Records from a dataset:

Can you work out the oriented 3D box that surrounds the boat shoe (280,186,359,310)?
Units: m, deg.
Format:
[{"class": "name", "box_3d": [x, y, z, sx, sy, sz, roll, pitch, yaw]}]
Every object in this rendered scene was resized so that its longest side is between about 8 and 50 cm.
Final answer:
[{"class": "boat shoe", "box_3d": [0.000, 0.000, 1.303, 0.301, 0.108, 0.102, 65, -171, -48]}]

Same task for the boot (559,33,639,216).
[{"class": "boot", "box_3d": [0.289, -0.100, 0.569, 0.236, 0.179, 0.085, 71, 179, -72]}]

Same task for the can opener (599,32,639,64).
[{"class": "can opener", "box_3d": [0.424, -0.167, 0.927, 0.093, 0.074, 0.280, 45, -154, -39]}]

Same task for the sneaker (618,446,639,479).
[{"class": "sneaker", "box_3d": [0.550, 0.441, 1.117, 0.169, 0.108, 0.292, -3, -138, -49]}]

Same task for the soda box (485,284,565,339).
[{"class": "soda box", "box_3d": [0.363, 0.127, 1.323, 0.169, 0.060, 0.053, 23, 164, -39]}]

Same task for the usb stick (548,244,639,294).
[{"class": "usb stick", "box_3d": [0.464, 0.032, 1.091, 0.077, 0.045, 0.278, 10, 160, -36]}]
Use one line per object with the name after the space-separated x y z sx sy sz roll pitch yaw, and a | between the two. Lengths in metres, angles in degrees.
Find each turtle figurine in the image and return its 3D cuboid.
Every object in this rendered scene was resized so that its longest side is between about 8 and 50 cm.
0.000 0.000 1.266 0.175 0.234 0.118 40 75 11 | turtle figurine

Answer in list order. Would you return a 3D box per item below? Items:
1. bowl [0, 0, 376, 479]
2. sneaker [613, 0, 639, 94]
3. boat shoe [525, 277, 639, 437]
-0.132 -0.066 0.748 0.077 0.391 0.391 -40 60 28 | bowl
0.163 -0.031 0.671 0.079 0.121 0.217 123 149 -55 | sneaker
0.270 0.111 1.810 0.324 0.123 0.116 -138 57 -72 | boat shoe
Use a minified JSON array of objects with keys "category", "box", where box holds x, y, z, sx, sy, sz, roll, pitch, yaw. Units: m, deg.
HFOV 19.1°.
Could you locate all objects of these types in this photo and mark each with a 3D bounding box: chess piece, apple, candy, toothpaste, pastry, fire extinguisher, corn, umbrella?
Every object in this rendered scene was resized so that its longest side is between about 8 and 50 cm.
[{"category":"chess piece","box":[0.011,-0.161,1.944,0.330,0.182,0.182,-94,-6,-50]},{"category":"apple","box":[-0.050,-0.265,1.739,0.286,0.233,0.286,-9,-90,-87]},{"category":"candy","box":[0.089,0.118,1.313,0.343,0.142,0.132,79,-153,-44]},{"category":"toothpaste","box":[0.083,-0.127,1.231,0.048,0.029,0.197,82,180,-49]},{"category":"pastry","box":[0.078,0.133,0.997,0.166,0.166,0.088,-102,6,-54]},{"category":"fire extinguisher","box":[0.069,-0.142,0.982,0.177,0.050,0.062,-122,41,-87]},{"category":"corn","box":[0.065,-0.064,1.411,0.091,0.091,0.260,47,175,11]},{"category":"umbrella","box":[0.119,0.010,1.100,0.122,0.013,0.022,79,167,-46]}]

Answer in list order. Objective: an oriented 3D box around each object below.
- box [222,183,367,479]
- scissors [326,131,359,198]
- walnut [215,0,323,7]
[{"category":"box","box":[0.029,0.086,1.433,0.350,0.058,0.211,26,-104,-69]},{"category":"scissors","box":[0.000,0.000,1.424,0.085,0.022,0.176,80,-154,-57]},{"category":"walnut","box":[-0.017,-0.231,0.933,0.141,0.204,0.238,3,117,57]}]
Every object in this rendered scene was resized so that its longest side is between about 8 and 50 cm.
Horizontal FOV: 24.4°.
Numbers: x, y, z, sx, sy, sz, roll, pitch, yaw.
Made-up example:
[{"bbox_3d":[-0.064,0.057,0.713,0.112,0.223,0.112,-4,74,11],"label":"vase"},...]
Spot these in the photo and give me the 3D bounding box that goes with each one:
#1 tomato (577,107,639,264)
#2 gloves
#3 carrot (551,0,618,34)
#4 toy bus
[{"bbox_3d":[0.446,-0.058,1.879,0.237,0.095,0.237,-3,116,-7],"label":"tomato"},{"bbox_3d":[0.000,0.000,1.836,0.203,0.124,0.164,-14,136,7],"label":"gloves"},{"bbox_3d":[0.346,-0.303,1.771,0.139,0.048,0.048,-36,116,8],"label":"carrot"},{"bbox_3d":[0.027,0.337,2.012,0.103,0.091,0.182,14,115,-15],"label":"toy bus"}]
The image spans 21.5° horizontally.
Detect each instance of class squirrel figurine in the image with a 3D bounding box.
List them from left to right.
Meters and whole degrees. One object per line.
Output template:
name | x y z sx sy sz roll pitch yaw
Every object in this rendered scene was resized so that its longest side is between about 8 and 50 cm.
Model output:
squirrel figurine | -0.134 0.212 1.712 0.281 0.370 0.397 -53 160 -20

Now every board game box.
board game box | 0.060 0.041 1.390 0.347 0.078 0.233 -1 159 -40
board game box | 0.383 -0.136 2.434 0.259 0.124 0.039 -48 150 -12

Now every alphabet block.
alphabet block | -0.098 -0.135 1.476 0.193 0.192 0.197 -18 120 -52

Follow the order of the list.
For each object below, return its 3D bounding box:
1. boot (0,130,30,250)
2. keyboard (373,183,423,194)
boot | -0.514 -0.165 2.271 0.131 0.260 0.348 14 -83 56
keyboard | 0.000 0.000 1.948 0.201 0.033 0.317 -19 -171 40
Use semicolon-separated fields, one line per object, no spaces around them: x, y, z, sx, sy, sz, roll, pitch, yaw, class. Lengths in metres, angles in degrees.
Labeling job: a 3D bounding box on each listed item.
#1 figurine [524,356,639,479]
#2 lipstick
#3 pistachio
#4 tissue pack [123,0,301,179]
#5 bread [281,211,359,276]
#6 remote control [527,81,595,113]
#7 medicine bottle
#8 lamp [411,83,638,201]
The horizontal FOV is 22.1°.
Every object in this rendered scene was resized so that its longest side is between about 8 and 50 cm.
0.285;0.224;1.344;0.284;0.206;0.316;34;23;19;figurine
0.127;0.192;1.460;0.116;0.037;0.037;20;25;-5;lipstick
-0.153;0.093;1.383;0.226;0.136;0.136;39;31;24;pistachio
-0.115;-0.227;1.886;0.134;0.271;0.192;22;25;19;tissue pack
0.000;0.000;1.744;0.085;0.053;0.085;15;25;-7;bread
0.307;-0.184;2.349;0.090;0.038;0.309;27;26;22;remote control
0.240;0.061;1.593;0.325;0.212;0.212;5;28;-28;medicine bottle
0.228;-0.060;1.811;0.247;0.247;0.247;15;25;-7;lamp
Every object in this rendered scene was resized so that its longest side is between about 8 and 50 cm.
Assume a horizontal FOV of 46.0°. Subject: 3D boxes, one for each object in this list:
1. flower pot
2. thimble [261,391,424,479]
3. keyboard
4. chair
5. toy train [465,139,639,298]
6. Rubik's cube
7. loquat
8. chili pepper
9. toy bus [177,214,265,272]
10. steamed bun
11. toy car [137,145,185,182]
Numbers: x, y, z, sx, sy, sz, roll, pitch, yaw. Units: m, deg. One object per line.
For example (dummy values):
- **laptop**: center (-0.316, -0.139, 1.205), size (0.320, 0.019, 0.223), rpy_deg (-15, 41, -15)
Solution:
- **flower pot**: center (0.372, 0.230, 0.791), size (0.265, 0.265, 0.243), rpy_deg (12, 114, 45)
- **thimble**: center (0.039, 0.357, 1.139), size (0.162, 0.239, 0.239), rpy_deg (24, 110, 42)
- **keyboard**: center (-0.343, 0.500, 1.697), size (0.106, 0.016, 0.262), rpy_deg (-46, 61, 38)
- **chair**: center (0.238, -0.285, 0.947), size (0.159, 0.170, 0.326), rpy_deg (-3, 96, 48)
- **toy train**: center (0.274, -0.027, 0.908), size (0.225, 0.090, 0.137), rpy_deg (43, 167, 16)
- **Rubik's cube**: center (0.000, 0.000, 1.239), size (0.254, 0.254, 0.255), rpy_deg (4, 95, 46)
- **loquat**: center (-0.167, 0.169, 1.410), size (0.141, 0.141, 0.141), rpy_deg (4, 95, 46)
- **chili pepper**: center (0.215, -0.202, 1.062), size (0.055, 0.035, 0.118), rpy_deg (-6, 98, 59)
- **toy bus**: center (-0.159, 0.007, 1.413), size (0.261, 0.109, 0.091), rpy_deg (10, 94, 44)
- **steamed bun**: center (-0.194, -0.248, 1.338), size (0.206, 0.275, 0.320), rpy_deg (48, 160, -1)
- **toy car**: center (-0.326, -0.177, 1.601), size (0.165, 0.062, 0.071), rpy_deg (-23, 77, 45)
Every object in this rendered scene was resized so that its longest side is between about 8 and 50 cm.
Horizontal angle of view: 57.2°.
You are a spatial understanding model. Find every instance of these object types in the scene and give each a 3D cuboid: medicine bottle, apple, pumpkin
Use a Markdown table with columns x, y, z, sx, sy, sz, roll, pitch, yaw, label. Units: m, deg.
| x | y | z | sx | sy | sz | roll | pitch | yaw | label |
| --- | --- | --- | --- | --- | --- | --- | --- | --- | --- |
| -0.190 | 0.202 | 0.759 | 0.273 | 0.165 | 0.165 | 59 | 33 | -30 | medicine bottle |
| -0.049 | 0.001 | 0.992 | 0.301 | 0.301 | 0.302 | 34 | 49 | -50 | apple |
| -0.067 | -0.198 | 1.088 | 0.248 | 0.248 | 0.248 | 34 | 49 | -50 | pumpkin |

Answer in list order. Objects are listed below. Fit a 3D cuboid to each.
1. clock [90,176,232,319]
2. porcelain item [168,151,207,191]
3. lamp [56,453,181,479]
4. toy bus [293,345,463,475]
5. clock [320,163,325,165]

What you will do: Where a line in the records above includes the string "example", show it.

Solved exercise:
Made-up example:
For example (dummy values):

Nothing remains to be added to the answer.